WITH data_to_insert (id, name, address) AS ( SELECT id, name, address FROM customer_staging WHERE id NOT IN (SELECT native_id FROM customer_dimension) ), insert_new_records_dim AS ( INSERT INTO customer_dimension (native_id, name, address) SELECT id, name, address FROM data_to_insert RETURNING * )SELECT (SELECT count(*) FROM insert_new_records_dim) as new_records; WITH insert_new_records_history AS ( INSERT INTO customer_history (customer_key, native_id, name, address) SELECT customer_key, native_id, name, address FROM customer_dimension WHERE customer_key NOT IN (SELECT customer_key FROM customer_history) RETURNING * ), data_to_update (key, name,native_id, address, previous_address) AS ( SELECT cd.customer_key,cd.name, cd.native_id, cs.address, cd.address FROM customer_staging cs JOIN customer_dimension cd ON cs.id= cd.native_id AND cs.address != cd.address ), update_hist_records AS ( UPDATE customer_history SET end_date = CURRENT_DATE FROM data_to_update WHERE customer_key = data_to_update.key AND customer_history.native_id = data_to_update.native_id AND customer_history.address = data_to_update.previous_address AND end_date = '9999-12-31' RETURNING * ), update_records AS ( UPDATE customer_dimension SET address = data_to_update.address FROM data_to_update WHERE customer_key = data_to_update.key RETURNING * ), insert_recent_records_history AS ( INSERT INTO customer_history (customer_key, native_id, name, address) SELECT key, native_id, name, address FROM data_to_update RETURNING * ) SELECT (SELECT count(*) FROM insert_new_records_history) as new_hist_records, (SELECT count(*) FROM update_hist_records) as updated_hist_records, (SELECT count(*) FROM update_records) as update_records, (SELECT count(*) FROM insert_recent_records_history) as most_recent_hist_records ;
Notice how we first add the new records and then we start the process to keep history and update records. This is one way to do it. Another way to do it would be to track the changes to intermediate tables and retrieve the data from there to perform history updates and inserts. Perhaps the latter is cleaner but this could be subjective.
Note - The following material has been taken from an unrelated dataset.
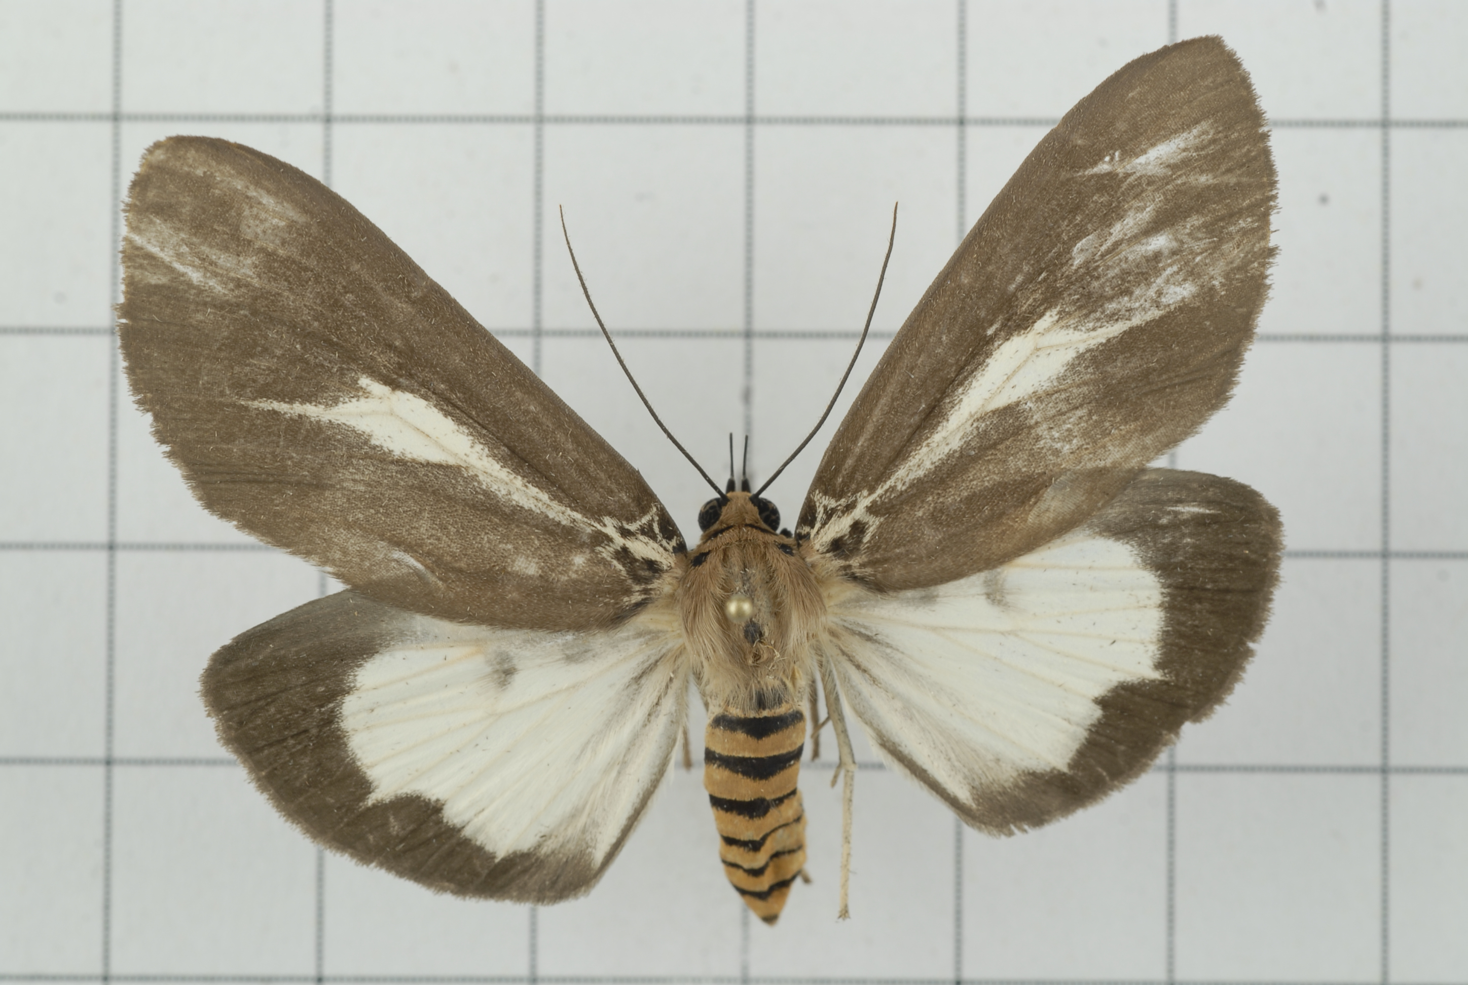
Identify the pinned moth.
Asota heliconia zebrina

In addition, keep in mind that if you are handling all those externally from some software, you can use an ORM and most of them include a historicity functionality which requires minimum configuration typically.
Type 6
For this approach, we will modify our dimension table with the following:
ALTER TABLE customer_dimension ADD COLUMN start_date date DEFAULT CURRENT_DATE; ALTER TABLE customer_dimension ADD COLUMN end_date date DEFAULT '31-12-9999'; ALTER TABLE customer_dimension ADD COLUMN is_current boolean DEFAULT TRUE; ALTER TABLE customer_dimension RENAME COLUMN address TO current_address; ALTER TABLE customer_dimension ADD COLUMN previous_address VARCHAR;
And our script will be:
WITH data_to_insert (id, name, current_address, previous_address) AS ( SELECT id, name, address, address FROM customer_staging WHERE id NOT IN (SELECT native_id FROM customer_dimension) ), data_to_update (key, native_id, name, address) AS ( SELECT cd.customer_key, cs.id,cs.name, cs.address FROM customer_staging cs JOIN customer_dimension cd ON cs.id= cd.native_id AND cs.address != cd.current_address ),update_records AS ( UPDATE customer_dimension SET current_address = address, end_date=CURRENT_DATE, is_current=FALSE FROM data_to_update WHERE customer_dimension.native_id = data_to_update.native_id RETURNING * ), insert_updated_records AS ( INSERT INTO customer_dimension (native_id, name, current_address, previous_address) SELECT DISTINCT native_id, name, address, address FROM data_to_update RETURNING * ), insert_new_records AS ( INSERT INTO customer_dimension (native_id, name, previous_address, current_address) SELECT id, name, previous_address,current_address FROM data_to_insert RETURNING * ) SELECT (SELECT count(*) FROM insert_updated_records) as inserted_updated_records, (SELECT count(*) FROM insert_new_records) as new_records, (SELECT count(*) FROM update_records) as updated_records ;
The tricky part could be here to update the correct records with the correct information every time. .
Conclusion
That was a long post, but hopefully, you know have a better understanding of SCD, which really are a critical aspect in those projects and often is underused or misused. Overall, it is suggested to go with a Type 2 when you design your schema and proceed from there, according to your requirements.